Bisimulation Makes Analogies in Goal-Conditioned Reinforcement Learning

Philippe Hansen-Estruch, Amy Zhang, Ashvin Nair, Patrick Yin, Sergey Levine

ICML 2022. Paper Code 

Building generalizable goal-conditioned agents from rich observations is a key to reinforcement learning (RL) solving real world problems. Traditionally in goal-conditioned RL, an agent is provided with the exact goal they intend to reach. However, it is often not realistic to know the configuration of the goal before performing a task. A more scalable framework would allow us to provide the agent with an example of an analogous task, and have the agent then infer what the goal should be for its current state. We propose a new form of state abstraction called goal-conditioned bisimulation that captures functional equivariance, allowing for the reuse of skills to achieve new goals. We learn this representation using a metric form of this abstraction, and show its ability to generalize to new goals in simulation manipulation tasks. Further, we prove that this learned representation is sufficient not only for goal-conditioned tasks, but is amenable to any downstream task described by a state-only reward function. 

Motivation


Analogous tasks of dicing carrots and radishes. Although the target objects are different, the skill required and functional difference between the initial state and goal images are similar. Given an agent that has learned to cut carrots, rather than needing to present the agent with an image of chopped up radishes, we can instead say something along the lines of, “Do the same thing to the radish that you did to the carrot.”


An example of abstractions with a compositional form. Our goal is to define a policy-dependent distance metric form of our goal-conditioned bisimulation (GCB) and use it to define a paired-state embedding space. We can then construct an objective for learning a state representation that can compose this task abstraction with states to depict new goals, capable of “filling in the blank.”

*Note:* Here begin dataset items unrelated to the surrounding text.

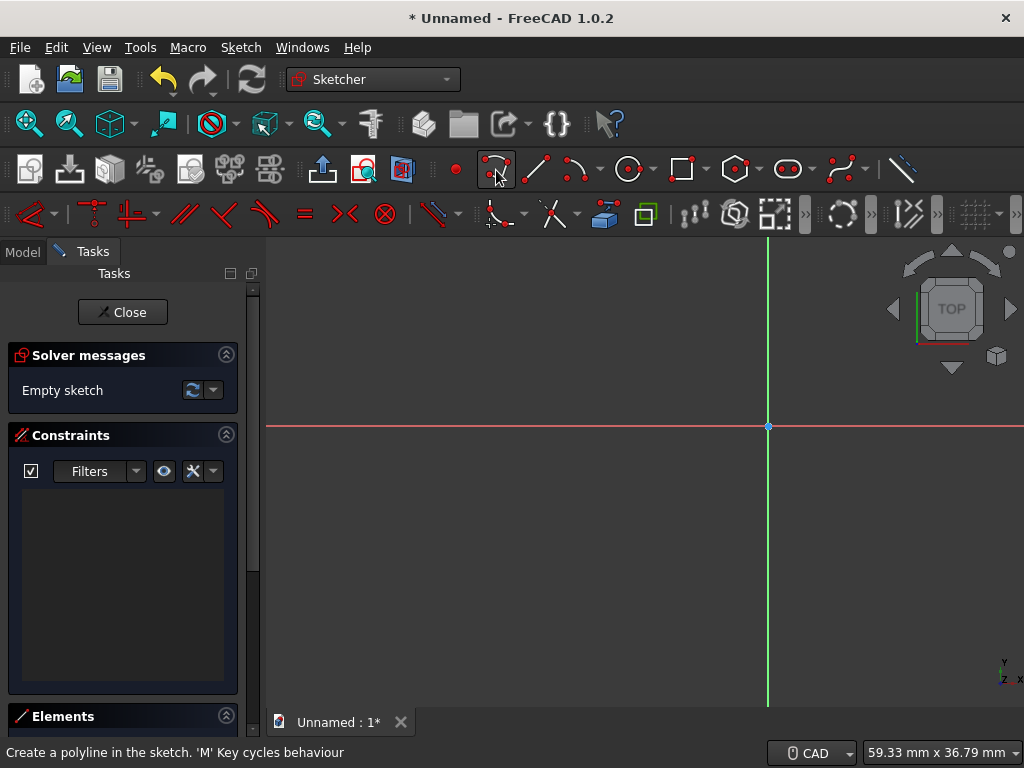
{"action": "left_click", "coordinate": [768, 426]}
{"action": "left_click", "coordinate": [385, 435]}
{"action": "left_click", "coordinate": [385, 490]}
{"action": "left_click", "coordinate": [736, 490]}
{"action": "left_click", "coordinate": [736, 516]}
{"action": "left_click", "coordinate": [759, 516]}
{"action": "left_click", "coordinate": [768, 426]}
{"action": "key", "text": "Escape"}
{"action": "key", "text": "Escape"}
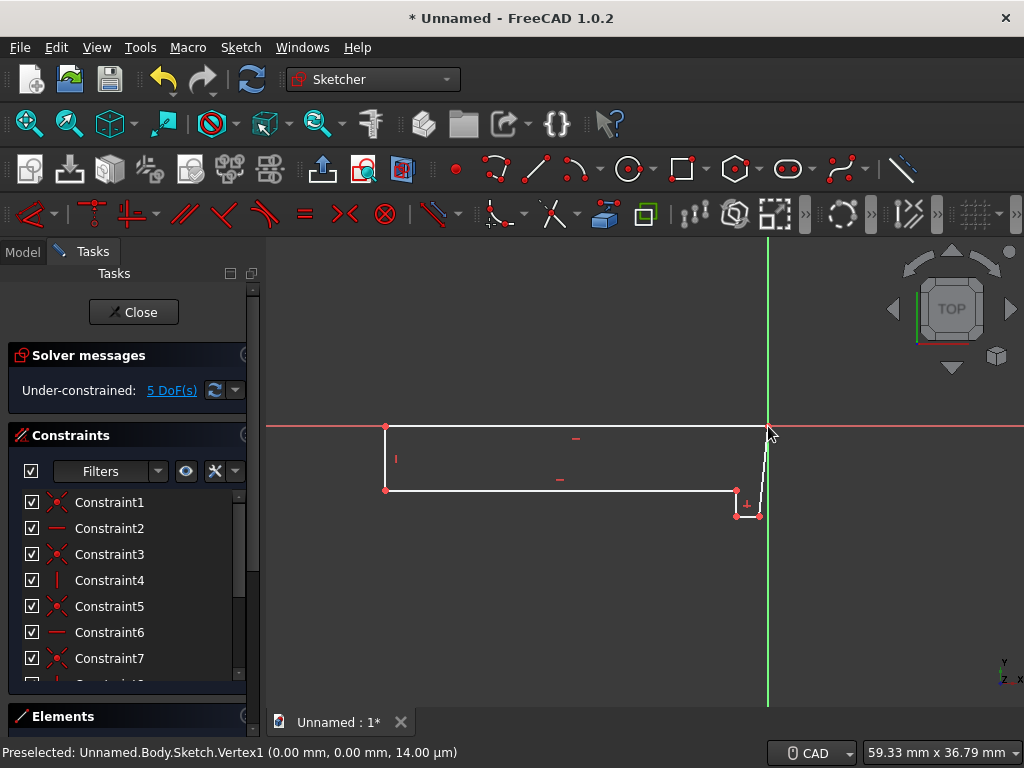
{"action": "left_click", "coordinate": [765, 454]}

GCB: Constructing Embedding Spaces



GCB learns two representations: a state-goal representation, which generalizes across state-goal pairs, and a single state representation, which is shaped in latent space by the state-goal encoder but can generalize across single states. A flow diagram of the representation learning component of GCB can be found on the left. The dashed line represents stopped gradients and the state encoder is a Siamese network using shared weights.

Objective

State-Goal Objective

The paired encoder's loss uses a bisimulation objective comparing different state-goal transitions. To optimize this loss, an encoder must collapse state-goal pairs that have similar tasks and therefore dynamics.

Single State Objective

The single state encoder uses the paired encoder to build its arithmetic space which relates change in the phi space to change in the psi space. 

Manipulation Experiments

Two examples of analogy arithmetic. The rightmost image is the nearest neighbor in a test set of the composed representation in our learned state space. Top: RHS has the finger pushing the button, just like in the goal argument to the state-goal encoder, but in a different position and orientation, indicating that the representation is equivariant to pose but captures the functional relevance of pushing the button.  Bottom: RHS has the drawer being closed, again matching function with the goal argument to the state-goal encoder while exhibiting invariance to color and equivariance to pose.

Visualization of nearest neighbors in state-goal space. We sample state-goal pairs and find their nearest neighbors. Features irrelevant to the task have changed, such as drawer color and distractor objects, but task-specific components are invariant, such as the relative positioning of robot to target object and semantics of the task.

GCB Makes Analogies: An Evaluation

5 experiments showing analogous state-goal pairs on top provided as task description to the policy and the actions the policy takes in a new environment shown on bottom for the Button and Drawer environment. We see that whatever task the agent chooses to perform in the analogous state-goal pair is also what is attempted by the policy in the new environment.

Evaluating the Standard Goal-Conditioned Setting 

Videos of policy evaluation for the standard goal-conditioned setting for 5 different episodes. Goals shown on top and video of evaluation episodes on bottom for the Drawer environment.

Videos of policy evaluation for the standard goal-conditioned setting for 5 different episodes. Goals shown on top and video of evaluation episodes on bottom for the Button and Drawer environment.

Additional Nearest Neighbor Visualizations

More examples of analogy arithmetic. In each box, the leftmost image is a sampled start state. The next two images are a sampled analogy start and goal. The rightmost image is the nearest neighbor in a test set of the composed representation in psi space. Each row is a new sample, the bottom row, left column is an example of a failure.